Once a threat is discovered, ZeroFOX can automatically remediate it in real time to protect users from exposure. As a unique offering, ZeroFOX can also ensure that all company executive locations are never accidentally shared, keeping them safe from physical threats like kidnapping.
Metashield Bot
Because Slack can be used to easily share office documents, it puts users at risk of threats that can be hiding inside them, like corrupted or malicious metadata. Metashield Bot can scan and remove those threats before users activate them. The app can also find confidential information hidden in metadata and remove it before it gets accidentally shared.
Broadcom (Symantec) CloudSOC
The CloudSOC application, which Broadcom recently acquired from Symantec, is another CASB offering that has been extended to Slack. Within Slack, CloudSOC uses machine learning to detect threats, scan for protected data, watch for users acting suspiciously and malware. In addition to stopping attacks, CloudSOC offers a full forensic analysis tool to show what tactics hackers tried to use.
SecurityAdvisorBot
The SecurityAdvisorBot is a little bit different from other offerings in that its focus is on training users how to safely use Slack.
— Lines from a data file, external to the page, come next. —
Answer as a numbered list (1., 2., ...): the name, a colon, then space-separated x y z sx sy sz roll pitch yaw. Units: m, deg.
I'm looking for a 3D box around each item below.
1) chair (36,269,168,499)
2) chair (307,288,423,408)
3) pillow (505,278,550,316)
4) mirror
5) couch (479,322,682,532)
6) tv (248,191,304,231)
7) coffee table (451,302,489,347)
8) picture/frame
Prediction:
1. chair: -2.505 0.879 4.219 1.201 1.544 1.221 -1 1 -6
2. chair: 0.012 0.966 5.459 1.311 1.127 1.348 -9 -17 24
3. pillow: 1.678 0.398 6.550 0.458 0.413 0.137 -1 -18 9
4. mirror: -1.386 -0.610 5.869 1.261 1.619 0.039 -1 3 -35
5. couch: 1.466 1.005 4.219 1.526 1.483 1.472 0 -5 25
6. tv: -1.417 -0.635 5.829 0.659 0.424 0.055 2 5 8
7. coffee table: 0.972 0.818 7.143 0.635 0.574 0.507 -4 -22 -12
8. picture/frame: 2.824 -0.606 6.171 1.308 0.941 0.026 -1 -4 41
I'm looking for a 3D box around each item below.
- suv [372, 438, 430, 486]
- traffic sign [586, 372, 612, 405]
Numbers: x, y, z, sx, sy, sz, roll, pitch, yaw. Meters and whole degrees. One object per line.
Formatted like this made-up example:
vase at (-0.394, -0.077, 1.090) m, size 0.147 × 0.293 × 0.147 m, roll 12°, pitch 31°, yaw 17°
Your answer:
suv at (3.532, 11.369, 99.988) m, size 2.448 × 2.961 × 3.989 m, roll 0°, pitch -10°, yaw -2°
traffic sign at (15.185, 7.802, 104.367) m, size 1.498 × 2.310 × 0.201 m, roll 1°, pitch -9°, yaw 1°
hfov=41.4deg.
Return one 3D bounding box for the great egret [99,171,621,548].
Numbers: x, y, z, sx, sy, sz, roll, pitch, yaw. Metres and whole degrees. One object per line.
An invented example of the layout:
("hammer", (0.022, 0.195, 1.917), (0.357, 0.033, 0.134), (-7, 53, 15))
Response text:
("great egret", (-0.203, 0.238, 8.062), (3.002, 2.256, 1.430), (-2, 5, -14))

When it detects protected data being shared, abusive language or other content and behavior that breaks policy, it will notify an administrator and provide offending users with a brief training session. It can also be used to educate first time users on Slack company policies and on good cybersecurity in general.
Questions to ask when implementing Slack security apps
Almost every Slack security app offers a trial version for testing these days, and a few are available for free. Before you start installing them, there are a few questions that you should probably ask.
Will your chosen app or apps completely protect your Slack installation, company data and users?
Although some Slack tools offer multiple protections, many specialize in one or two areas. Be sure that if you choose an app that only offers malware scanning, you add another that provides URL scanning, phishing safeguards or whatever extra protections your organization needs. Even something like insider threat protection might be useful in high-security or heavily regulated industries like government, finance and healthcare.
Do you want to monitor a security dashboard?
Some apps like MetaCert Security, ZeroFOX and McAfee Skyhigh offer internal dashboards that track threats, almost like miniature security information and event management (SIEM) consoles. A few like Symantec CloudSOC even offer forensic analysis of attacks. Others like DBOT are more lightweight and directly warn users about threats it finds.
Having a dashboard might seem like a good thing, but only if you have a security team ready and willing to monitor yet another SIEM-like tool.
Do you need real-time protection?
Applications like the Avanan Cloud Security Platform, Moderate Content, ZeroFOX and MetaCert Security can scan and take action on a Slack message within seconds. Others might take a bit longer, which might be problematic in fast-moving organizations or those with thousands of users. Thankfully, almost every Slack security app offers a free trial period. Speed of scanning and remediation should be right up there with accuracy in terms of testing.
Do you want or need another CASB vendor?
Many of the Slack security applications are served through CASB vendors. In general, this means that the protection was created for other applications and then applied to Slack. Others like MetaCert Security were designed specifically for the platform.
Many of the CASB offerings are already mature and proven with millions of users. CASBs generally work by protecting multiple platforms at reducing costs, so bringing in a CASB vendor just for Slack might prove expensive. If you already have a CASB agreement for your organization, be sure to ask them if they can extend it to Slack before bringing in something new.